Downside: I have to work weekends and I have to work their schedule.

My Lyft bill is a shit load less than my car costs, about $70/month. 
I had a 40mpg Passat diesel, and VW bought it back for $24k as part of the settlement with the EPA.


Life is so much better. I'm home a lot more. I have company paid healthcare, not catastrophic care ObamaCare. No more pukers in my car. No more wet bathing suits. No more "can we go to McDonalds pleeeeeeeeeze?" No more drunks thinking it's funny to rate me a "1". 

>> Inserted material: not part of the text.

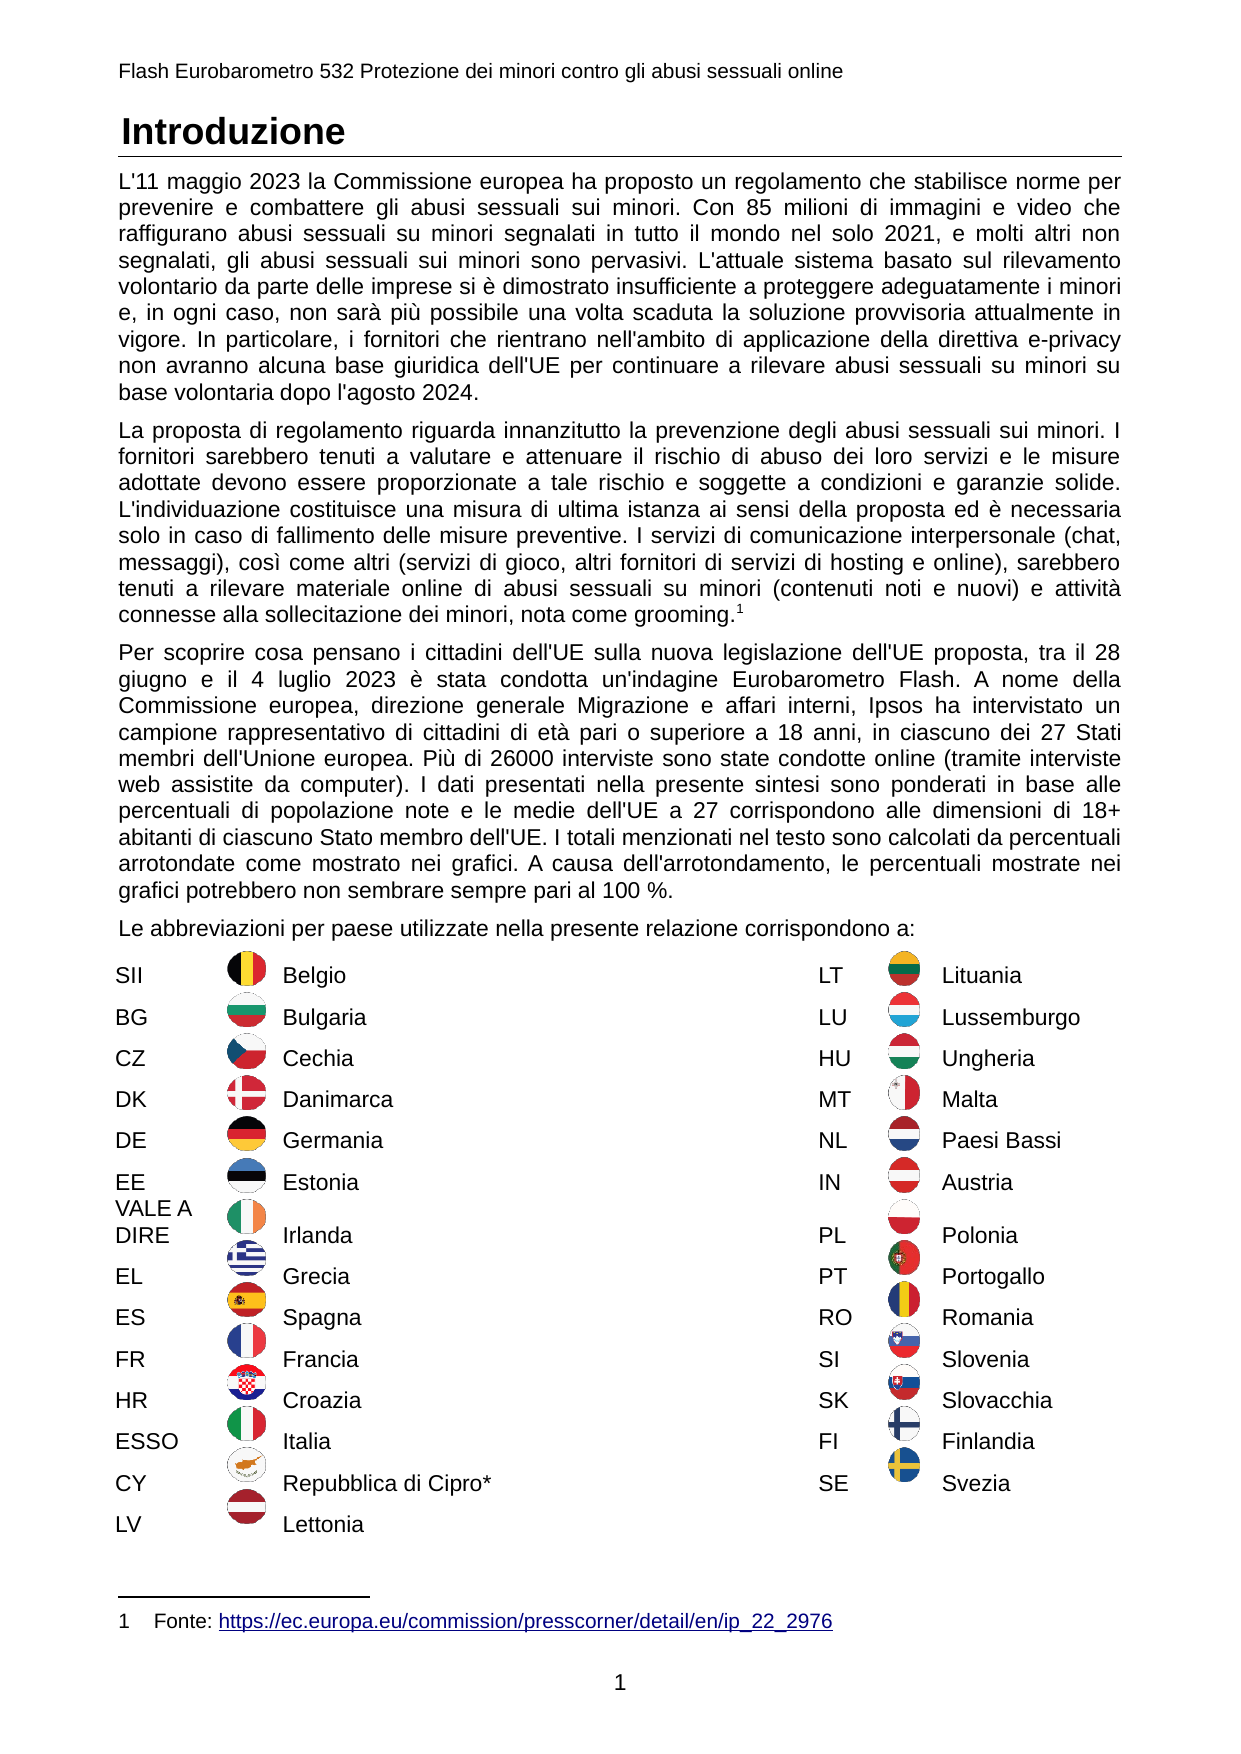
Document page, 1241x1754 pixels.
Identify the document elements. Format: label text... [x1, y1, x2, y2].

I don't know what took me so long to quit, and I only drove for 8 months.


----------



## OdiousRhetoric (May 28, 2017)

DieselkW said:


> It's been more than a year since I stopped driving. Removed the uber app from my phone, kept the Lyft app for when I need a ride.
> 
> Three months ago, I sold my car. My wife and I share hers. I bought a bike to commute the 3 miles to my part time job at Costco. If it's raining, I take Lyft and tip every time.
> 
> ...


Eight months?


----------



## CODenver26 (Jan 3, 2016)

I quit Lyft after NYE this year. I just started it back up again cause I needed more money. After this week, I won't be driving for awhile. It's worth it anymore after awhile.


----------



## TyDriver (May 17, 2017)

I just quit... Not worth it, gave the god damn xChange leasing car back.. sucks I'm carless, but god it feels good to be AWAY from uber. **** that company.


----------



## Josh Boyd (Jul 31, 2017)

Fubernuber said:


> Respect. I still need this job and in nyc we are held to a 4.8 minimum so its a high bar if you dont let people treat you like garbage


Really? Damn, thats a hard number to keep up. Isn't 4 stars still considered great? A 4 star hotel is pretty darn good.


----------